P-values quoted in most studies should have been corrected for multiple testing in some way, though there are several different ways for correction. In the simplest method, the Bonferroni correction, this means simply dividing the p-value expected for significance by the number of hypothesis tested, so that the 0.05 cut-off becomes 5*10^-8 for a million SNP study. However, this sort of correction is counter-intuitive as the interpretation of a finding depends on number of tests performed. Indeed, this method leads to high rate of type 2 errors (false negatives) and is usually not advised.

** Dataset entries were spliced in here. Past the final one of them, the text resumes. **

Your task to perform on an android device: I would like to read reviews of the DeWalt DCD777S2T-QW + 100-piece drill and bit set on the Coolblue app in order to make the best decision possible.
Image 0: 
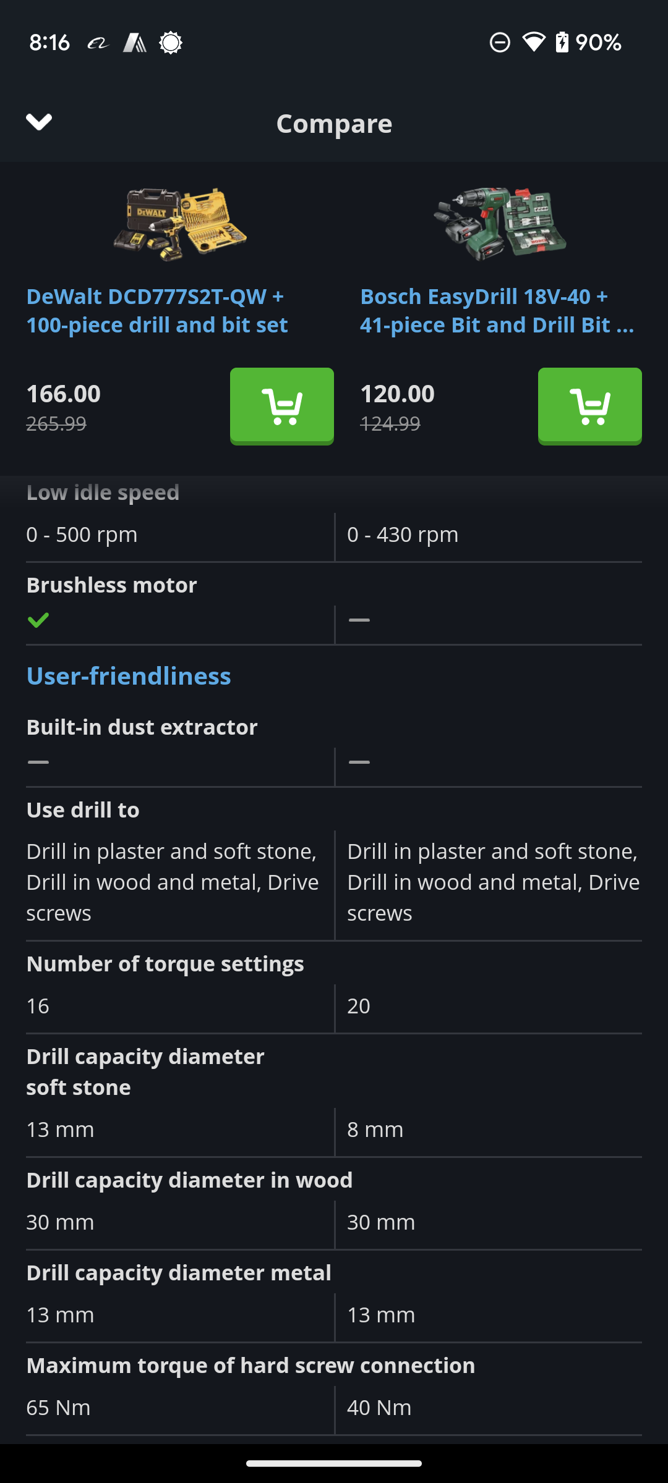
Click on DeWalt DCD777S2T-QW + 100-piece drill and bit set
Step 0: click (180, 310)
Image 1: 
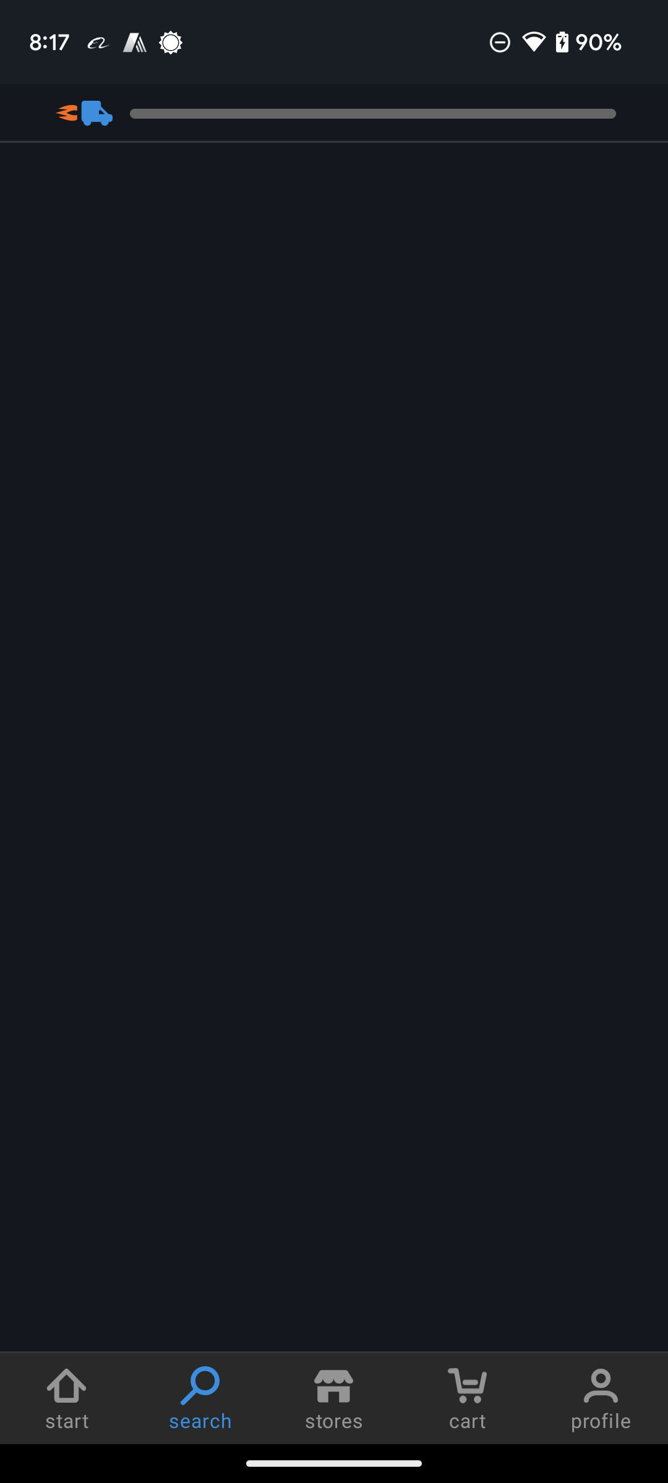
Click on DeWalt DCD777S2T-QW + 100-piece drill and bit set
Step 1: wait
Image 2: 
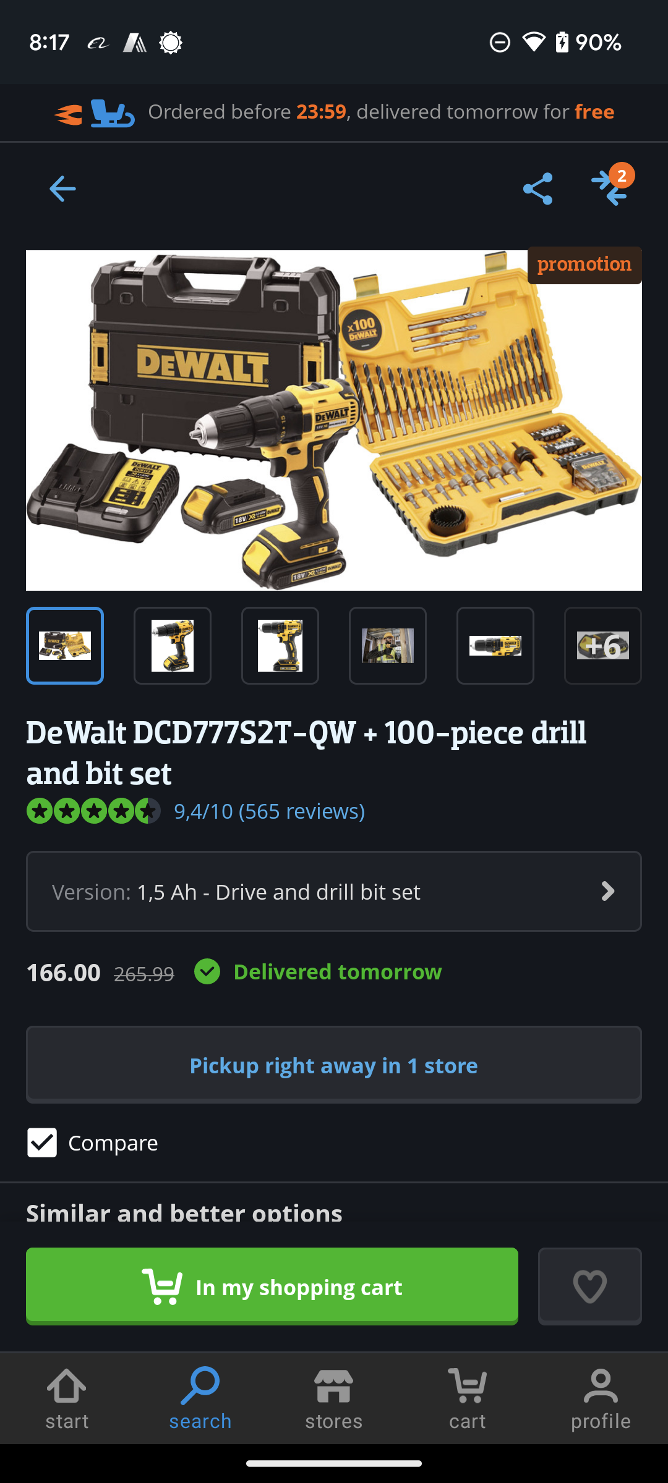
swipe up for reviews
Step 2: scroll down
Image 3: 
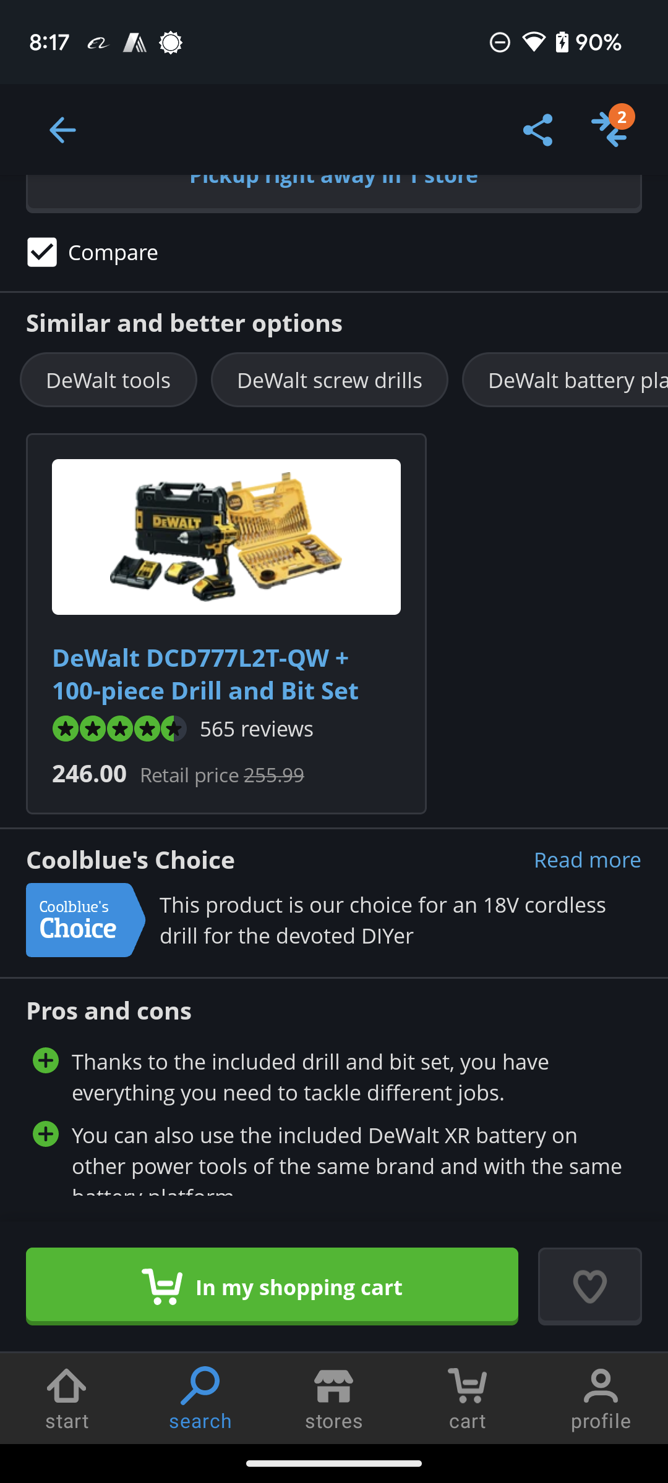
swipe up for reviews
Step 3: scroll down
Image 5: 
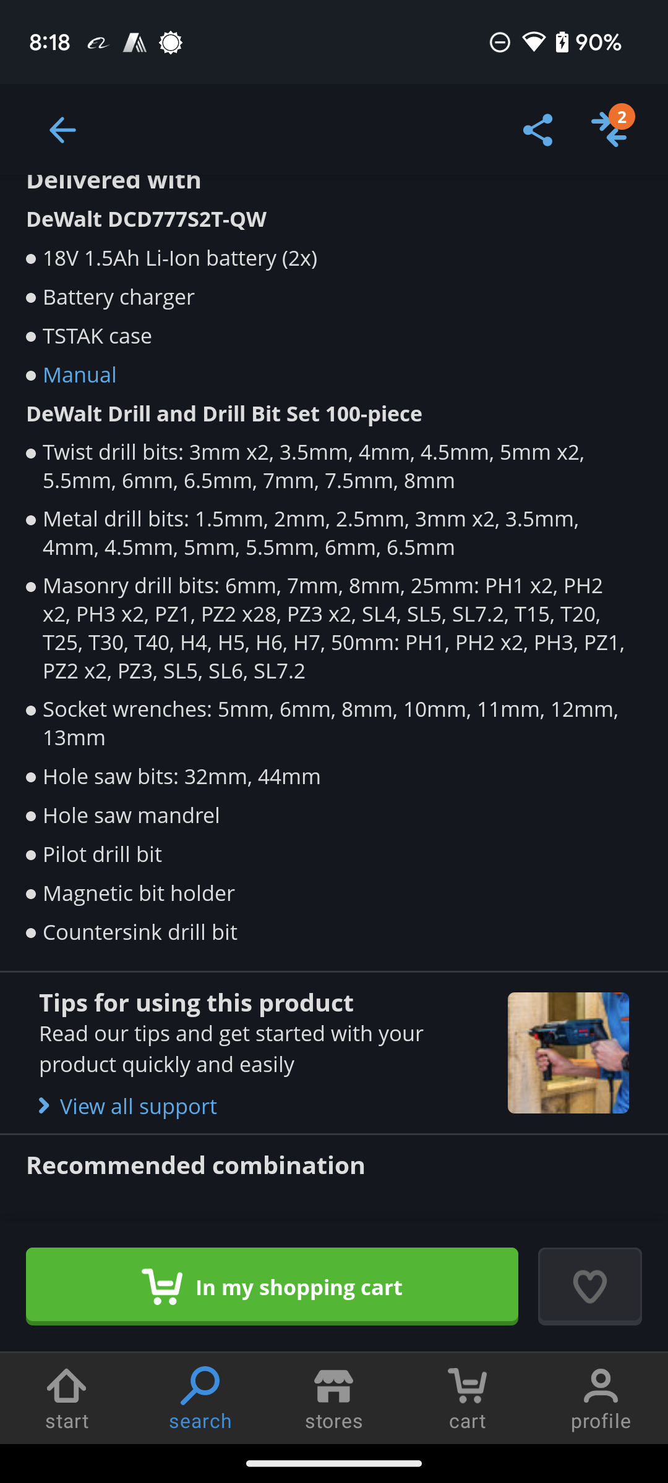
swipe up for reviews
Step 5: scroll down
Image 6: 
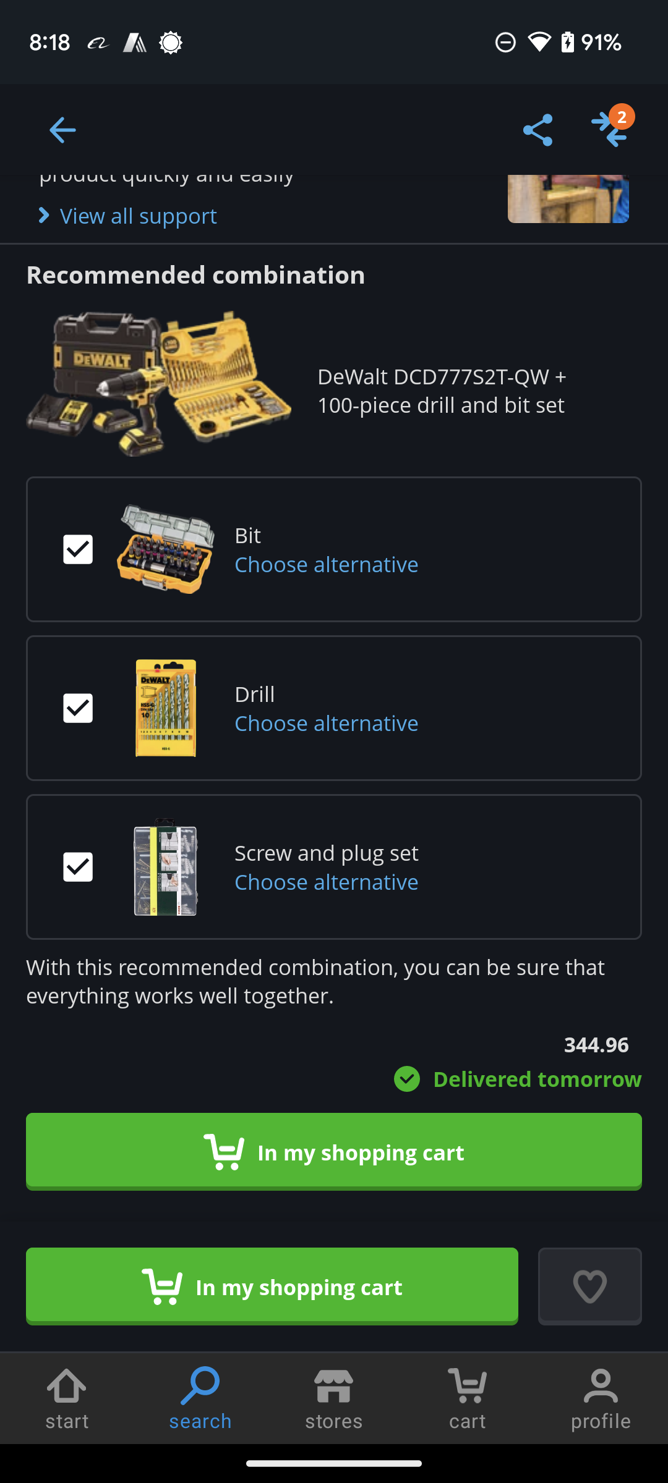
swipe up for reviews
Step 6: scroll down
Image 7: 
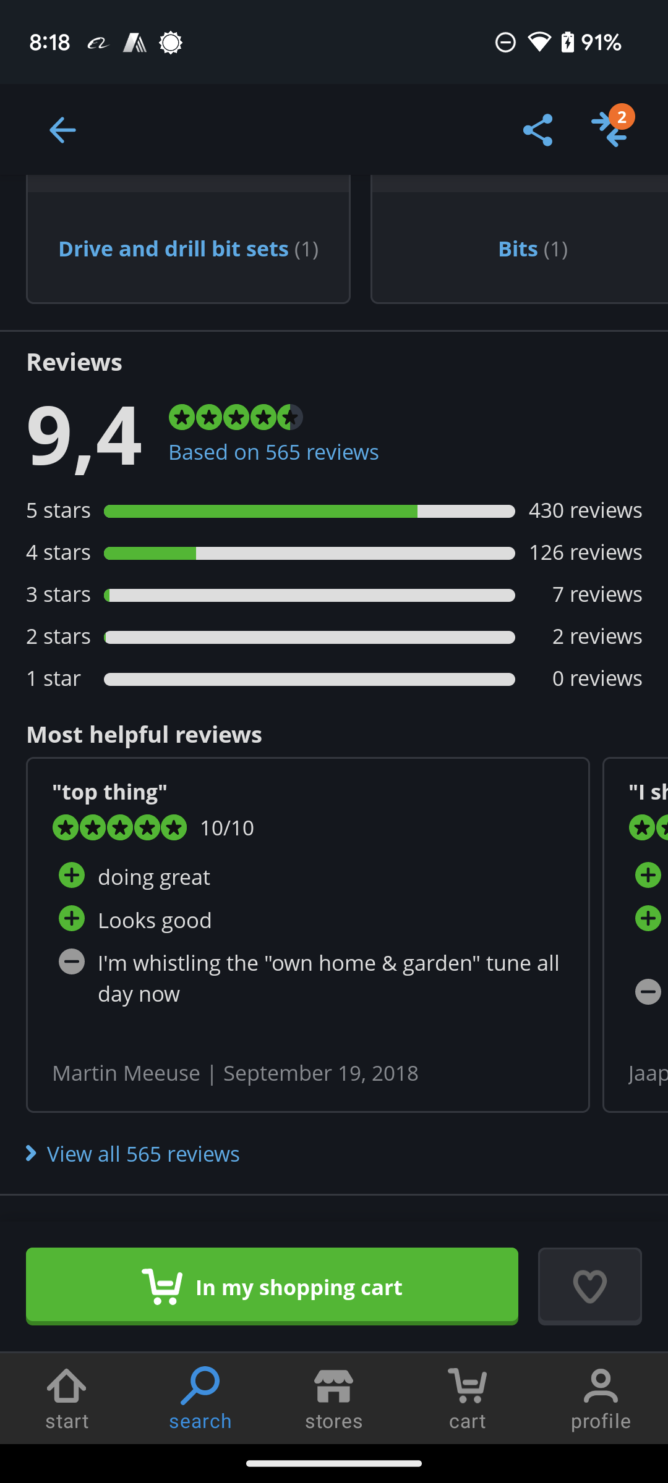
Click on View all 565 reviews
Step 7: click (143, 1153)

A popular alternative is False Discovery Rate, FDR, which is the expected rate of associations deemed significant that are nonetheless false. Thus an FDR of 0.05 would imply 5% of the associations deemed significant at that level would be expected to be by chance (in simpler words, it has a 5% chance of being a false discovery), as opposed to the unmodified p-value of 0.05 where the 5% would be out of the whole set of hypothesis (SNP's) tested.

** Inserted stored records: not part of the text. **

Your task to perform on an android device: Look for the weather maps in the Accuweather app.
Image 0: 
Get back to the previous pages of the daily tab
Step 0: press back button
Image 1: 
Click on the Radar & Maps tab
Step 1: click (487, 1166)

A similar problem occurs when individuals one million SNP's are compared against a large database. Some small percentage of those SNP's have been mis-called, but even at 0.5% that would still be 500 SNP's out of a million, though as most SNP's have no known function it's rare but possible for these to show up as malignant variations. A larger amount of the associations in the database will be false positives, however. If ten thousand studies have been performed with one million SNP's each, this amounts to thousand million or 10^10 hypotheses tested. Assuming each one to be independent, an unmodified p-value of 10^-10 would still mean one expected false positive for an individual. This cautions strongly against simply looking at a list of matched associations, though most studies present some theory for how the association works, and the best ones replicate the finding in a second group significantly reducing the probability of false positive by random chance.